Gemma 4 26B-A4B - TurboQuant MLX 4-bit
4-bit weight-quantized MLX version of google/gemma-4-26B-A4B with TurboQuant KV-cache quantization. Optimized for Apple Silicon inference via the MLX framework. A good balance between model quality and memory efficiency. Only 4B parameters are active per token despite 26B total, making this model significantly more efficient at inference time than its parameter count suggests.

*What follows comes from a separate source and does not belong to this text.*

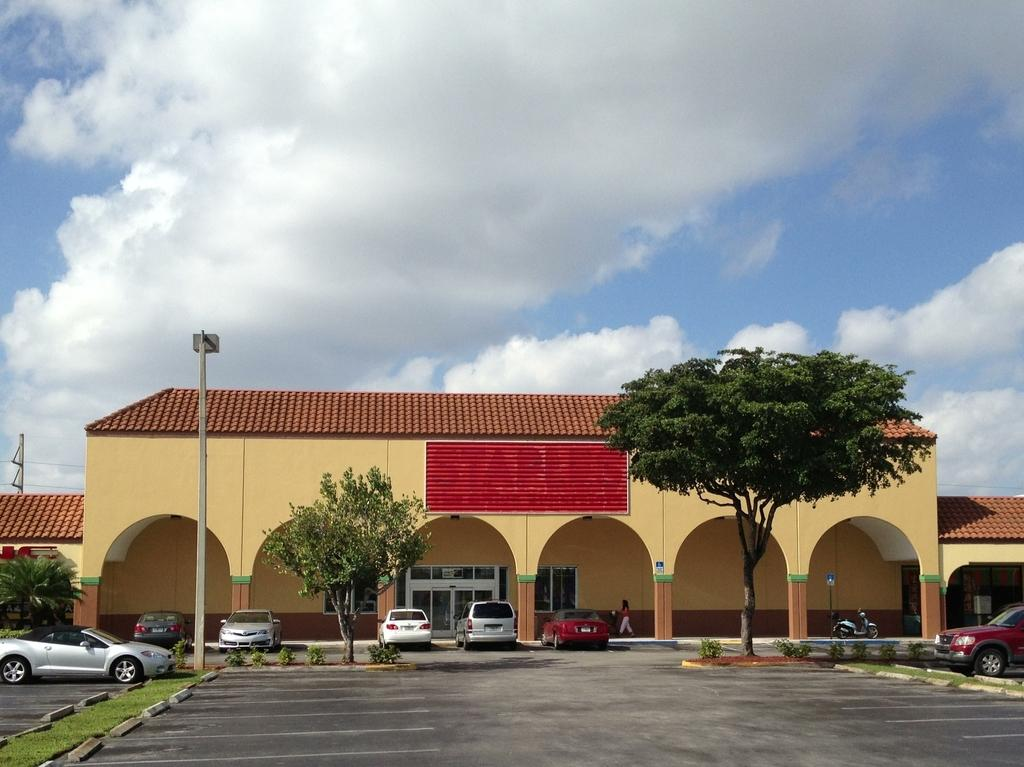What type of structure is visible in the image? There is a building in the image. What can be seen in front of the building? There are vehicles parked in front of the building and trees. What type of locket is hanging from the tree in the image? There is no locket present in the image; it only features a building, vehicles, and trees.

Approximate model size: ~14 GB
Model Specifications
| Property | Value |
|---|---|
| Base Model | google/gemma-4-26B-A4B |
| Parameters | 26 billion total (4 billion active per token) |
| Architecture | Mixture-of-Experts (MoE) (4B active per token) |
| Modality | Multimodal: image + text input, text output |
| License | Apache 2.0 |
| Weight Quantization | 4-bit (~14 GB) |
| KV-Cache Quantization | TurboQuant |
| Framework | MLX (Apple Silicon) |
Quickstart
import mlx.core as mx
from mlx_lm import load, generate
model, tokenizer = load("majentik/gemma-4-26B-A4B-TurboQuant-MLX-4bit")
prompt = "The history of artificial intelligence began"
response = generate(model, tokenizer, prompt=prompt, max_tokens=512)
print(response)
For multimodal usage with images:
from mlx_vlm import load, generate
model, processor = load("majentik/gemma-4-26B-A4B-TurboQuant-MLX-4bit")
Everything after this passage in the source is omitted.